(Information shown)
====================
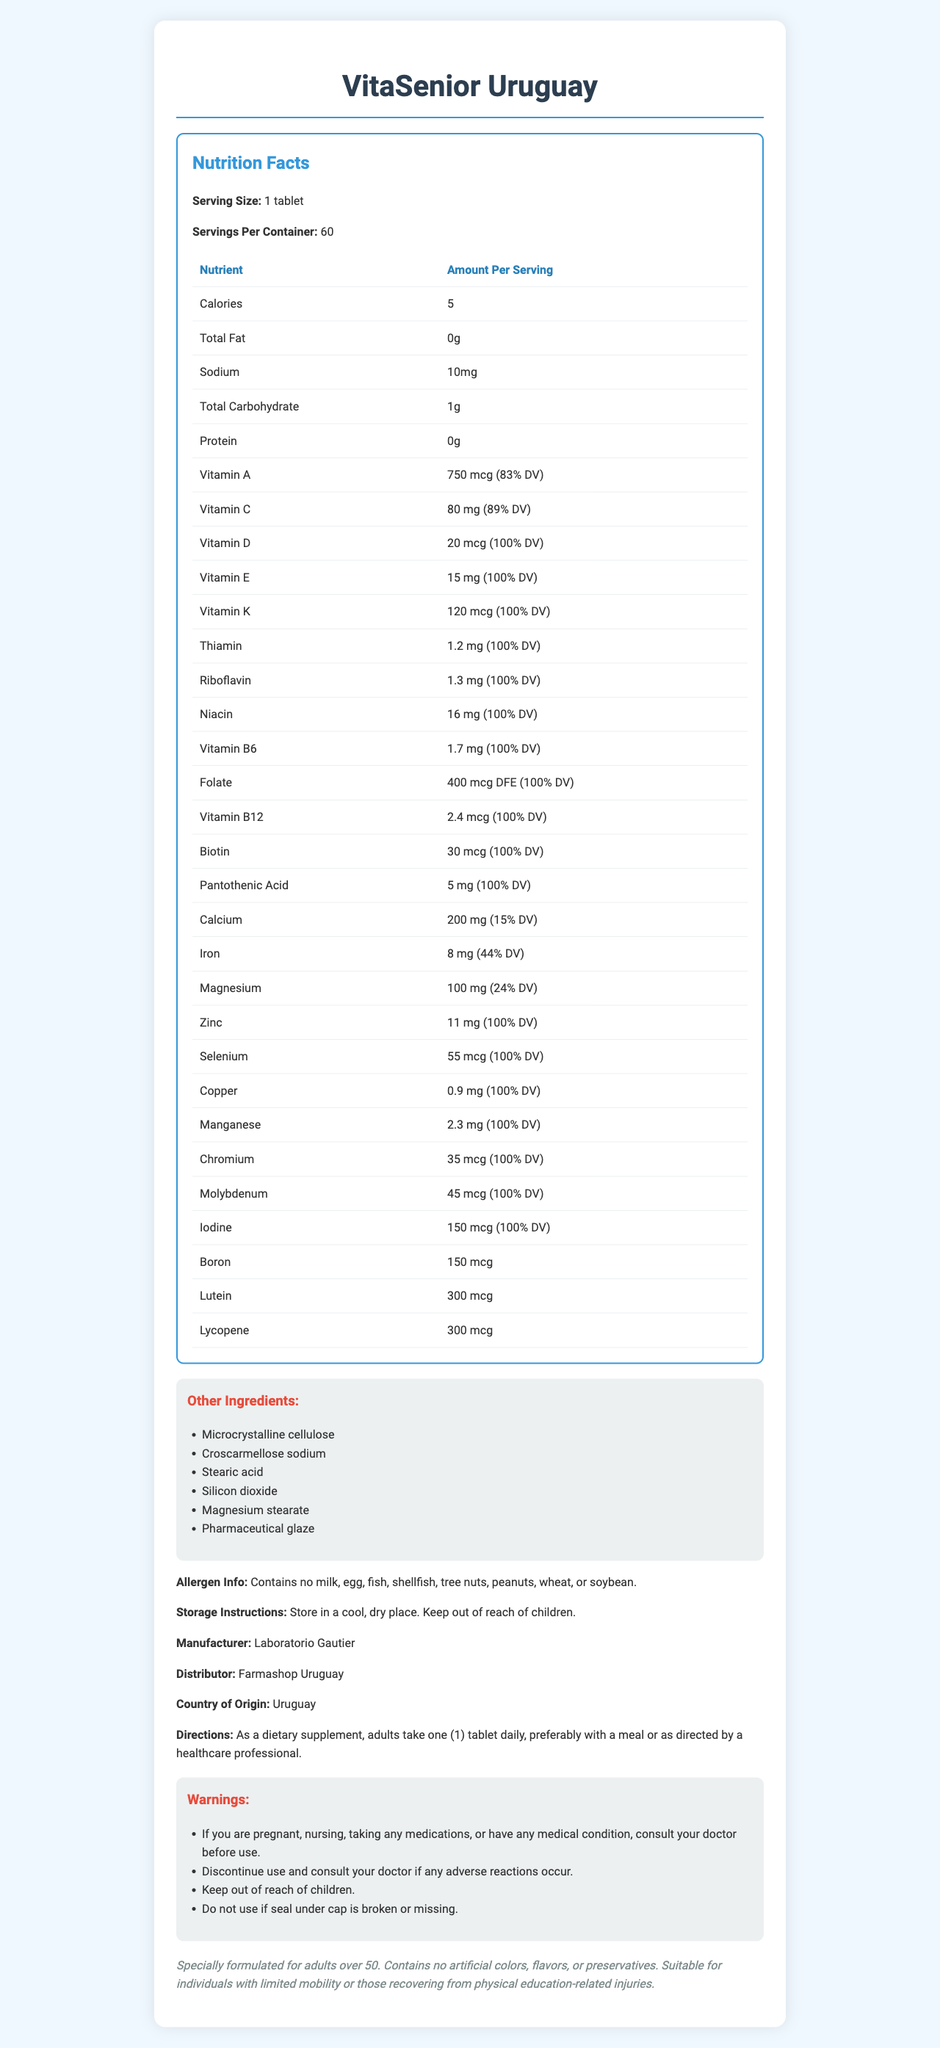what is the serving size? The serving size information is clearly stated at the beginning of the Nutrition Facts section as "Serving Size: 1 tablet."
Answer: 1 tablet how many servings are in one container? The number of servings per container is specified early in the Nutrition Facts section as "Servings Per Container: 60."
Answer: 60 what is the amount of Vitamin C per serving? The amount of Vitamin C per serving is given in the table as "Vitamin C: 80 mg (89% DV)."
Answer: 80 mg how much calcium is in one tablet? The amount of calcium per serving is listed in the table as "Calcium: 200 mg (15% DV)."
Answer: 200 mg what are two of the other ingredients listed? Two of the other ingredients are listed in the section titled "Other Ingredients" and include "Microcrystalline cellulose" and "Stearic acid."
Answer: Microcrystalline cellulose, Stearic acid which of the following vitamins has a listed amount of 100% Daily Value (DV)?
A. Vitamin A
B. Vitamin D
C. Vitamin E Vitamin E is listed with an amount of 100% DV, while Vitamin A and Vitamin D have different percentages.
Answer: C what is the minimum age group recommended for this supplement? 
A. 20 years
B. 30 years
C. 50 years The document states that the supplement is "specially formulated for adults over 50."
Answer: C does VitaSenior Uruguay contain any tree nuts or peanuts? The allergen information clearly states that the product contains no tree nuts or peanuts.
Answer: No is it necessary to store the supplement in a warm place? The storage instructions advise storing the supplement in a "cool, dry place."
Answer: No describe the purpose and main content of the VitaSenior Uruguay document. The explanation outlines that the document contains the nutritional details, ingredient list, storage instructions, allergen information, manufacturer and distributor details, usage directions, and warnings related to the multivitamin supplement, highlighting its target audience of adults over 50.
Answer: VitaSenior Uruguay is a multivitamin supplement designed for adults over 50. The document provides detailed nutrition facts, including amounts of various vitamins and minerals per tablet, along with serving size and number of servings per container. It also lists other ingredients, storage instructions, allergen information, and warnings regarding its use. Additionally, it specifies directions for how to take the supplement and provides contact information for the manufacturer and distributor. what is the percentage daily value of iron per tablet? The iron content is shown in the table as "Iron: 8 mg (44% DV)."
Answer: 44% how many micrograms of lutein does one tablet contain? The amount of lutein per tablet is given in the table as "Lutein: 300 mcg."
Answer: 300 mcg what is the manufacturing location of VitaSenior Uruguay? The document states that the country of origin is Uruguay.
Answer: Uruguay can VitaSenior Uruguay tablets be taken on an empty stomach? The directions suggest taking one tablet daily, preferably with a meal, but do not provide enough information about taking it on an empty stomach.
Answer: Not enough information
====================
(Activity) Every line from the top of the entries through the line that holds "Answer: 80 mg" is to be quoted exactly, please, and nothing else; omit the pictures.

(Answer to this exercise)
what is the serving size? The serving size information is clearly stated at the beginning of the Nutrition Facts section as "Serving Size: 1 tablet."
Answer: 1 tablet how many servings are in one container? The number of servings per container is specified early in the Nutrition Facts section as "Servings Per Container: 60."
Answer: 60 what is the amount of Vitamin C per serving? The amount of Vitamin C per serving is given in the table as "Vitamin C: 80 mg (89% DV)."
Answer: 80 mg how much calcium is in one tablet? The amount of calcium per serving is listed in the table as "Calcium: 200 mg (15% DV)."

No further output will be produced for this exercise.